Beitrag von Hainlaeufer » Montag 3. November 2014, 12:26

Das kommende Wochenende werde ich wohl auch dafür nutzen, die Mausgitter anzubringen. Falls wirklich mitte November es schon frieren kann, sollte es zeitlich (Polleneintrag) dann schon passen - so hoffe ich. Ich bin da auch jemand, der gerne etwas wartet, wenn die Bienen dicke Pollenhöschen am Flugloch verlieren, ist das schon ärgerlich. Außer es ist verseuchter Senfpollen :roll:.

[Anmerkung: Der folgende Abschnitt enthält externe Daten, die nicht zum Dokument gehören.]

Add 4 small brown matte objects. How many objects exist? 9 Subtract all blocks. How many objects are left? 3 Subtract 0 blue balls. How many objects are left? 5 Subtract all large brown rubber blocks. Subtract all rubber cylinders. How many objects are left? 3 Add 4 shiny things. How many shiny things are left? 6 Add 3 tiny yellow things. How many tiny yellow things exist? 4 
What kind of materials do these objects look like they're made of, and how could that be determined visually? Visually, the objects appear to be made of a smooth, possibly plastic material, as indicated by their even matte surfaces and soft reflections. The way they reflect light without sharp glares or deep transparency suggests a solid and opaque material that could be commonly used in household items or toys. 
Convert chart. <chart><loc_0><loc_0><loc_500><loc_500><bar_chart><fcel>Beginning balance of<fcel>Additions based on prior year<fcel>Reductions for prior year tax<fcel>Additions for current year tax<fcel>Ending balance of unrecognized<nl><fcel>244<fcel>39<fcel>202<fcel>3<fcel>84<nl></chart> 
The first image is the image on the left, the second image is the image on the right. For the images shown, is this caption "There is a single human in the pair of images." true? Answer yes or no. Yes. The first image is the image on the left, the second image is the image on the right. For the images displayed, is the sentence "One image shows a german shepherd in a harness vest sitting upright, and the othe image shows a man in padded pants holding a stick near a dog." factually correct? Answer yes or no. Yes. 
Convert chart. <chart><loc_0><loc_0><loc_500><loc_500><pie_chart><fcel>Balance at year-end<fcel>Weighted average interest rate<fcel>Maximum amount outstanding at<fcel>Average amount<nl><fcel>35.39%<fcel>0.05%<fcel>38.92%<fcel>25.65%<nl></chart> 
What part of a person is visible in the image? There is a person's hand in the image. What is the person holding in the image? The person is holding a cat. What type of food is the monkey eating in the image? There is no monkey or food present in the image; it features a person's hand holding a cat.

Meine M+ Völkchen stehen auf einem Auflagergestell, dessen Pflöcke (Beine) ca. 1m hoch sind. Ich werde sicher auch hier Mausgitter anbringen, weiß aber nicht, ob die Mäuse es da wirklich hoch schaffen. Köpfüber klettern sie ja hoffentlich nicht, heuer scheint aber wirklich ein "gutes" Mäusejahr zu sein, ständig sieht man Katzen mit gestopften Mäuler herumlaufen...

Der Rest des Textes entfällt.